Acte I : Le fantôme.
L'acte I plonge le spectateur dans une atmosphère shakespearienne (référence à
Hamlet le spectre du père de Hamlet apparaît la nuit à des soldats en faction
au château d'Elseneur). Cocteau combine les étapes et les genres en associant
tragédie antique et drame élisabéthain, pour montrer que le théâtre est
intemporel et réactualiser le mythe antique.
Le lange des tonalités apparaît, comme si le dramaturge prenait ses distances
par rapport aux conventions du genre tragique, et comme s'il revendiquait déjà
sa liberté créatrice grâce à la fantaisie verbale. Comique et pathétique alternent
dans une pièce qui semble ainsi à mi-chemin entre tragédie et comédie.
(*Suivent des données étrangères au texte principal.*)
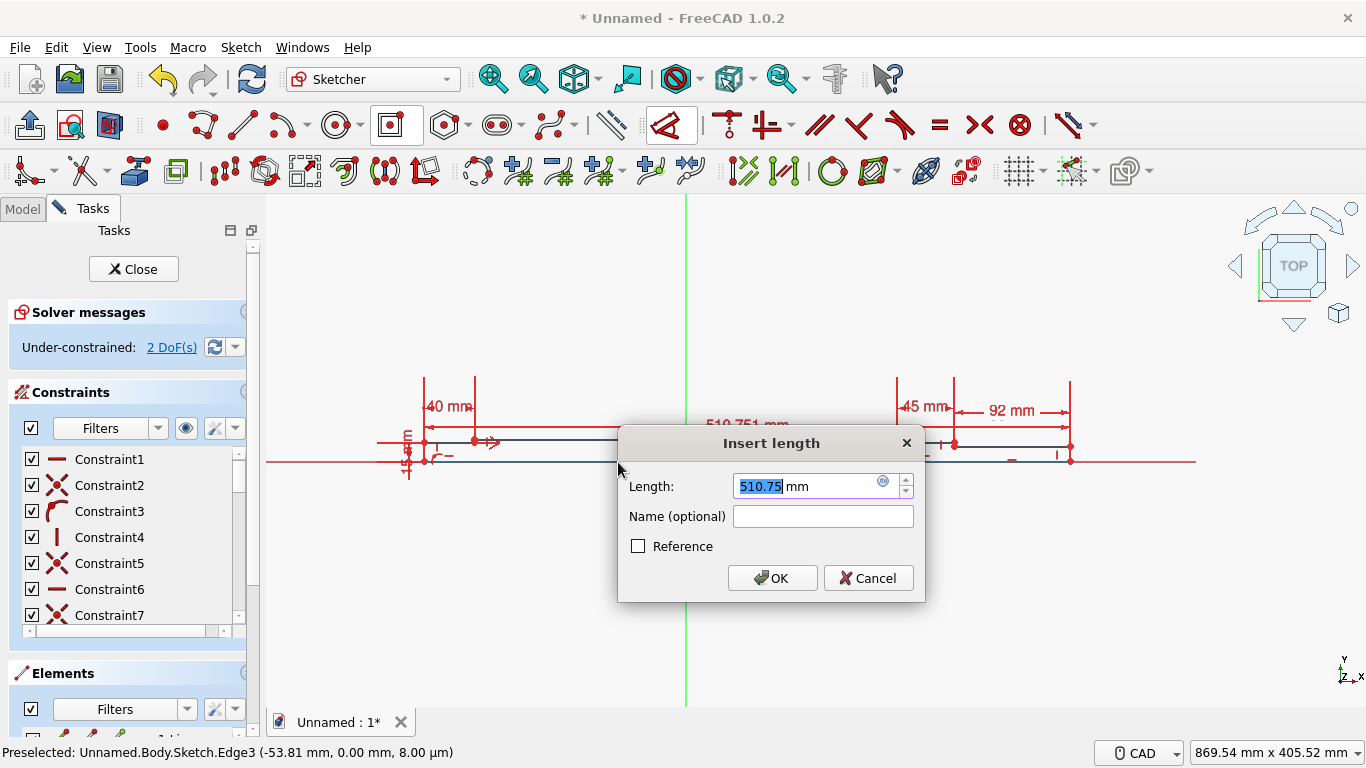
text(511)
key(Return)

De nombreux effets d'annonce sont livrés à la perspicacité des
spectateurs/lecteurs.
Phrases à valeur prophétique.
o À l'acte III Œdipe dit : « Eh bien, plus je m'éloignais de ma ville,
plus j'approchais de la tienne, plus il me semblait rentrer chez
moi. »
o La pâte immonde qui agresse Jocaste, annonce la relation
incestueuse mère-fils.
Certains objets ont une valeur prémonitoire.
o L'écharpe rouge qui a déjà failli étrangler Œdipe.
o La broche qui dès le premier acte est présentée comme celle qui
« crève l'œil de tout le monde. »
Des effets de miroirs entre personnages contribuent à anticiper le
dénouement.
o La cécité de Tirésias annonce celle d'Œdipe. Elle montre que leurs
parcours se rejoignent, que la lucidité spirituelle compte plus que le
regard physique.
o Le jeune soldat de l'acte I, qui émeut Jocaste, a le même âge et la
même apparence physique que son fils. Cette rencontre annonce le
retour d'Œdipe et suggère l'attirance entre la mère et le fils.
Acte II : Rencontre d'Œdipe et du sphinx.
Jeu chronologique subtil. La Voix invite à un déplacement spatio-temporel en
demandant de se livrer à une superposition imaginaire des actes I et II, procédé
moderne, inconcevable dans la dramaturgie antique. Le spectateur/lecteur a le
pouvoir magique de remonter dans le temps.
Apparition d'Œdipe et du (de la) sphinx. La scène est caractérisée par
l'ambiguïté est le mélange des tonalités :
Dialogue proche du badinage amoureux.
Côté spectaculaire et angoissant de cette scène qui se déroule dans un lieu
qui prend une allure fantastique.
L'ambivalence règne en maître, la jeune fille, dont la robe blanche
symbolise l'innocence et la pureté, se métamorphose en un monstre ailé.
À la fin de l'acte on voit les formes géantes des « dieux cruels » Anubis et
Némésis jouant avec le destin du héros, comme avec celui de tous les
autres pauvres hommes.
Acte III : La nuit de noces.
L'atmosphérique est plus intime et plus sensuelle, mais chaque précision
descriptive prend une signification ambiguë et contribue à créer un climat irréel,
étouffant : chaque détail prend rétrospectivement un sens prémonitoire ou
provoque une forte impression de malaise.
La couleur rouge de la chambre de Jocaste semble annoncer la mort à venir.
C'est la couleur du crime et de la fatalité tragique dans toute la pièce : Le
spectre du roi a une tache rouge à l'oreille droite (Acte I).
C'est une référence à la mythologie personnelle de Cocteau : Le suicide de
son père avec une tache rouge près de l'oreille droite.
Cet acte est celui de l'accomplissement inéluctable du destin, avec un effroyable
aspect mécanique, comme pour retarder l'instant fatal de la consommation
incestueuse et en accentuer la condamnation.
Acte IV : Œdipe roi.
C'est l'acte le plus proche du modèle antique, d'où son titre qui fait référence à
la tragédie de Sophocle.
L'accumulation des malheurs lui donne une tonalité pathétique conforme à la
tradition.
La Voix, véritable coryphée, annonce que c'est le seul moment où l'éternel
enfant Œdipe peut devenir un homme, et c'est ce qui donne au héros toute sa
grandeur.
Œdipe en se crevant les yeux devient un nouveau voyant comme le devin aveugle :
il voit « clair » en lui-même.
Paradoxalement le piège ourdi par les « dieux infernaux » est source de
libération pour Œdipe qui assume son destin. La pièce se termine sur une tonalité
optimiste, et l'histoire d'Œdipe se transforme en mythe.